(TASK OBJECTIVE)
For the data below, say how many lines contain "NULL". Only the number should be given.

(RECORDS FOR PROCESSING begins)

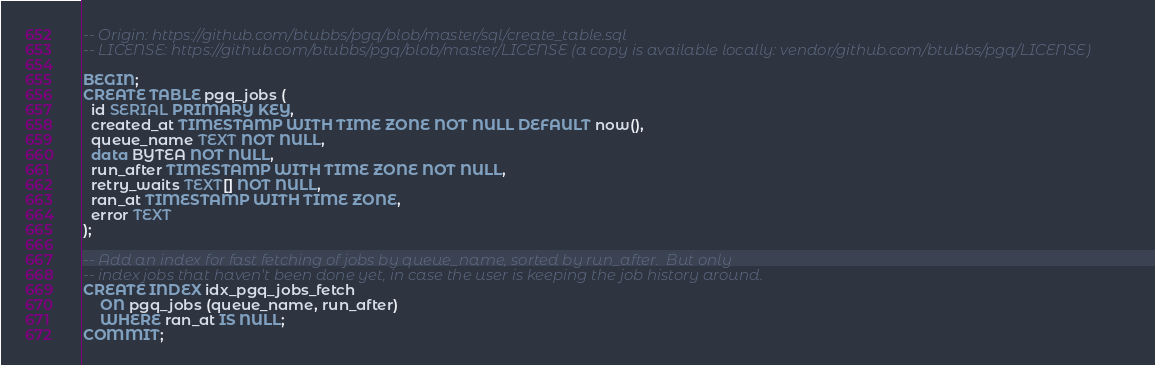Convert code to text. <code><loc_0><loc_0><loc_500><loc_500><_SQL_>-- Origin: https://github.com/btubbs/pgq/blob/master/sql/create_table.sql
-- LICENSE: https://github.com/btubbs/pgq/blob/master/LICENSE (a copy is available locally: vendor/github.com/btubbs/pgq/LICENSE)

BEGIN;
CREATE TABLE pgq_jobs (
  id SERIAL PRIMARY KEY,
  created_at TIMESTAMP WITH TIME ZONE NOT NULL DEFAULT now(),
  queue_name TEXT NOT NULL,
  data BYTEA NOT NULL,
  run_after TIMESTAMP WITH TIME ZONE NOT NULL,
  retry_waits TEXT[] NOT NULL,
  ran_at TIMESTAMP WITH TIME ZONE,
  error TEXT
);

-- Add an index for fast fetching of jobs by queue_name, sorted by run_after.  But only
-- index jobs that haven't been done yet, in case the user is keeping the job history around.
CREATE INDEX idx_pgq_jobs_fetch
	ON pgq_jobs (queue_name, run_after)
	WHERE ran_at IS NULL;
COMMIT;</code>

(RECORDS FOR PROCESSING ends)

(RESULT FOR THIS EXERCISE)
6